9788494403354PACO CAMERO | Reducido a las cenizas de su absoluta irrelevancia social, existe la tentación de volver la mirada atrás y encontrar en el rock & roll tan sólo el juguetito inofensivo del que el abuelo no para de hablar. Como al parecer hoy vamos ya de vuelta de todo, es fácil arquear nuestra cejita más condescendiente cada vez que el pureta de turno nos viene con la leyenda escandalosa de esta música en sus primeros tiempos. Y precisamente uno de los grandes méritos de este libro, ninguno de ellos relacionado con la nostalgia, es que consigue de algún modo invocar de nuevo la brutal viveza, la arrolladora ola de deseo liberado y la osadía revolucionaria que esta música contuvo y significó en su etapa de inocencia, es decir, en su forma más libre antes, mucho antes, de convertirse en una curiosidad de museo o en una inspiración ‘cool’ para tiendas de ropita y complementos.

La «vida» de Jerry Lee Lewis, uno de los pioneros más salvajes y dramáticos del rock & roll, es ya en sí misma cautivadora, pero Nick Tosches prefiere en realidad contar su «historia». Jerry Lee, «The Killer», el hombre que durante los 50 fue tan grande como Elvis y que después pudo reinar por encima de él pero no lo hizo, el hombre temeroso de Dios que se dejó tentar por el Demonio porque era el Demonio y no Dios el que reptaba como una serpiente por los finos tobillos de las mujeres en los conciertos, es aquí algo más que un músico lanzándose con los ojos cerrados a su fulgurante y a la postre sombrío destino.

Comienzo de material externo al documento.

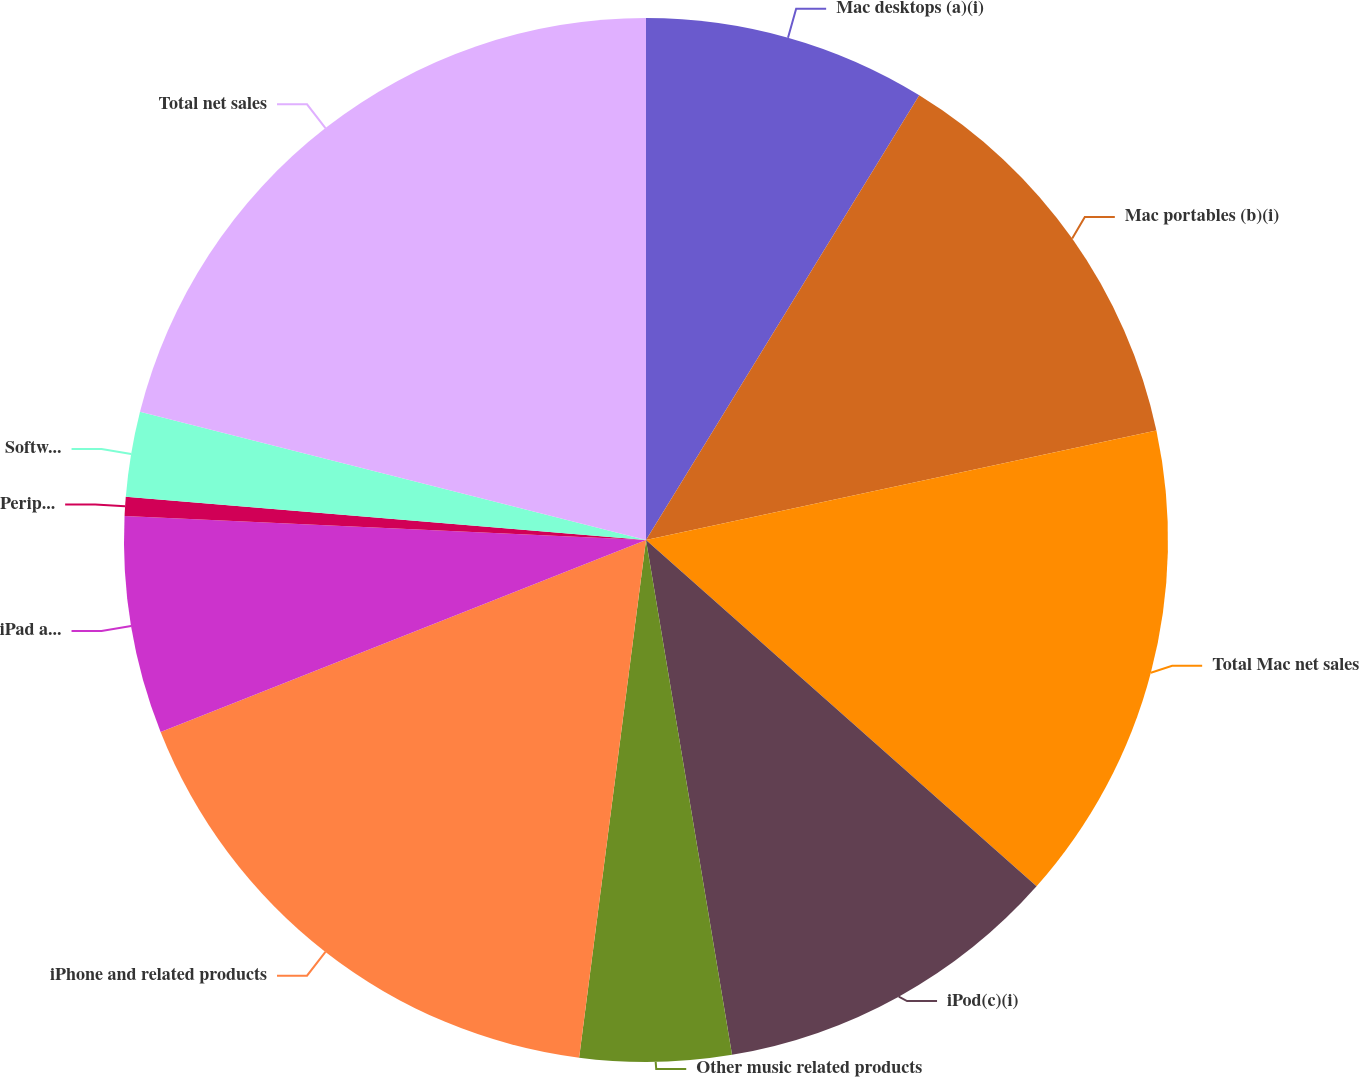Convert chart. <chart><loc_0><loc_0><loc_500><loc_500><pie_chart><fcel>Mac desktops (a)(i)<fcel>Mac portables (b)(i)<fcel>Total Mac net sales<fcel>iPod(c)(i)<fcel>Other music related products<fcel>iPhone and related products<fcel>iPad and related products and<fcel>Peripherals and other hardware<fcel>Software service and other net<fcel>Total net sales<nl><fcel>8.77%<fcel>12.87%<fcel>14.91%<fcel>10.82%<fcel>4.68%<fcel>16.96%<fcel>6.73%<fcel>0.59%<fcel>2.63%<fcel>21.05%<nl></chart> 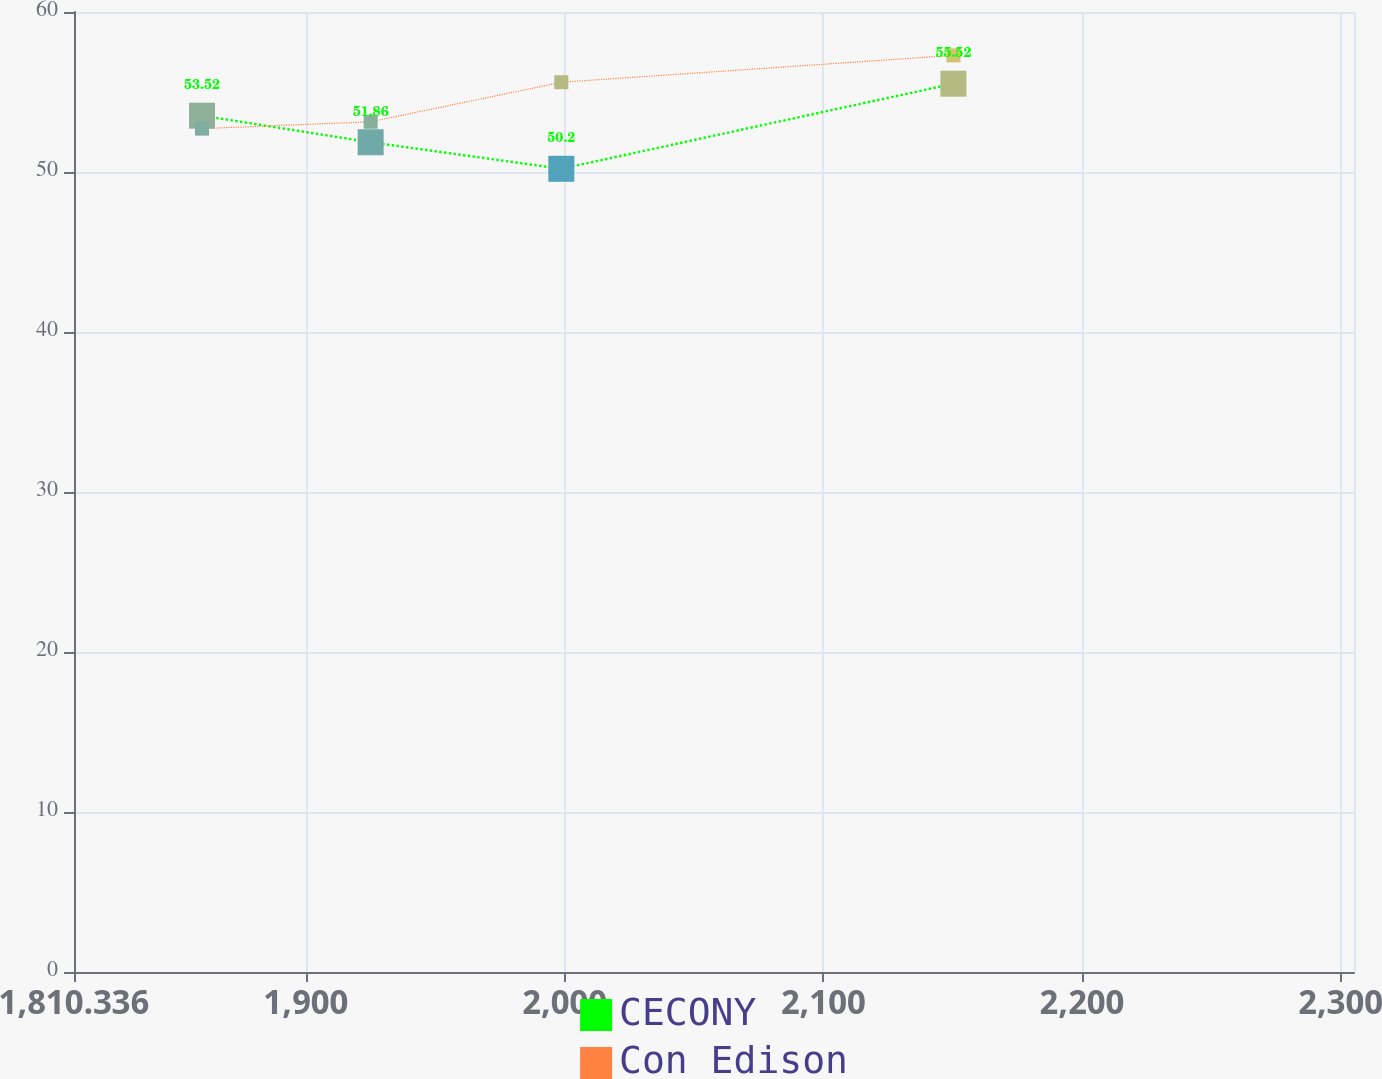<chart> <loc_0><loc_0><loc_500><loc_500><line_chart><ecel><fcel>CECONY<fcel>Con Edison<nl><fcel>1859.82<fcel>53.52<fcel>52.71<nl><fcel>1925.02<fcel>51.86<fcel>53.14<nl><fcel>1998.73<fcel>50.2<fcel>55.61<nl><fcel>2150.31<fcel>55.52<fcel>57.29<nl><fcel>2354.66<fcel>66.82<fcel>56.86<nl></chart>

En las antípodas de la biografía canónica o del «género tocho», como apunta en el prólogo el pope Greil Marcus tras proclamar este Fuego eterno como «el mejor libro jamás escrito sobre un músico de rock & roll» y como un clásico en potencia de la literatura estadounidense, a secas; ahorrándonos la típica montaña de anécdotas, fechas y datos que en realidad no importan, lo que propone Tosches es una reconstrucción literaria -o un «alegato poético«, en palabras de Marcus- del turbulento y feroz paso de Lewis por este mundo en la primera mitad de su existencia. Y para ello, el escritor acude al barro primigenio de la nación que hizo posible semejante vida. Las potentes resonancias de la Biblia, de las baladas populares, del verbo hiperbólico de los predicadores, de las inflamadas oraciones de las sectas pentecostales en las carpas del campo, del imaginario del Sur violento y telúrico de Faulkner, van perfilando a una especie de peón en manos del Destino, un mediador involuntario y trágico entre las fuerzas superiores del mito y la historia espiritual de Estados Unidos en el siglo XX.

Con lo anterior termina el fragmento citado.